Clarifying Semantics of In-Context Examples for Unit Test Generation
Chen Yang, Lin Yang, Ziqi Wang, Dong Wang, Jianyi Zhou, Junjie Chen
TL;DR
CLAST addresses the problem of semantic clarity in in-context unit test examples used for LLM-based test generation. It introduces a two-stage refinement: test purification to isolate single-scenario tests and textual clarity enhancement via prompting and program analysis to generate clearer comments and identifiers while preserving original test effectiveness. Across seven Java projects, CLAST outperformed UTgen in preserving test effectiveness and significantly improved semantic clarity; when used to refine in-context examples, CLAST boosted CSR/PR/Cov for RAGGen and TELPA. The work demonstrates practical impact for improving LLM-based software testing and suggests avenues for future integration with larger models and runtime information.
Abstract
Recent advances in large language models (LLMs) have enabled promising performance in unit test generation through in-context learning (ICL). However, the quality of in-context examples significantly influences the effectiveness of generated tests-poorly structured or semantically unclear test examples often lead to suboptimal outputs. In this paper, we propose CLAST, a novel technique that systematically refines unit tests to improve their semantic clarity, thereby enhancing their utility as in-context examples. The approach decomposes complex tests into logically clearer ones and improves semantic clarity through a combination of program analysis and LLM-based rewriting. We evaluated CLAST on four open-source and three industrial projects.
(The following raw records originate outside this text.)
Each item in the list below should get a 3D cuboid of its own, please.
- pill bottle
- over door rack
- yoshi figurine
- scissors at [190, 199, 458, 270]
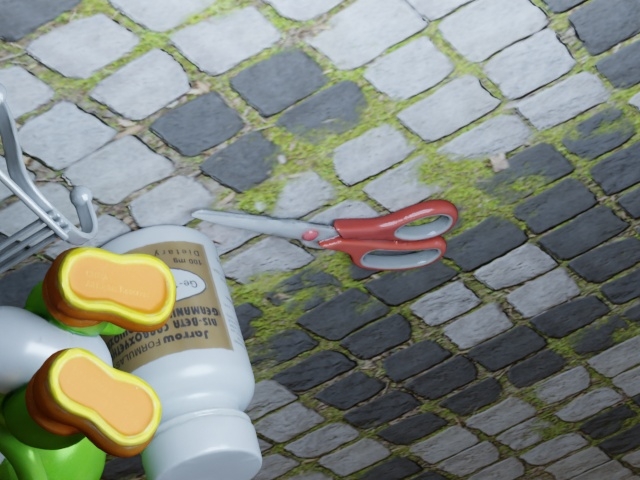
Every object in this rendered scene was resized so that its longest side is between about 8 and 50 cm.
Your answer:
[{"bbox_3d":[-0.131,0.112,1.729,0.131,0.229,0.131,-14,151,-8],"label":"pill bottle"},{"bbox_3d":[-0.362,-0.054,1.468,0.239,0.108,0.324,-31,134,21],"label":"over door rack"},{"bbox_3d":[-0.217,0.138,1.601,0.203,0.203,0.362,-29,179,-36],"label":"yoshi figurine"},{"bbox_3d":[0.000,0.000,1.821,0.297,0.021,0.109,-3,149,-27],"label":"scissors"}]

The results demonstrate that CLAST largely outperforms UTgen, the state-of-the-art refinement technique, in both preserving test effectiveness and enhancing semantic clarity. Specifically, CLAST fully retains the original effectiveness of unit tests, while UTgen reduces compilation success rate (CSR), pass rate (PR), test coverage (Cov), and mutation score (MS) by an average of 12.90%, 35.82%, 4.65%, and 5.07%, respectively. Over 85.33% of participants in our user study preferred the semantic clarity of CLAST-refined tests. Notably, incorporating CLAST-refined tests as examples effectively improves ICL-based unit test generation approaches such as RAGGen and TELPA, resulting in an average increase of 25.97% in CSR, 28.22% in PR, and 45.99% in Cov for generated tests, compared to incorporating UTgen-refined tests. The insights from the follow-up user study not only reinforce CLAST's potential impact in software testing practice but also illuminate avenues for future research.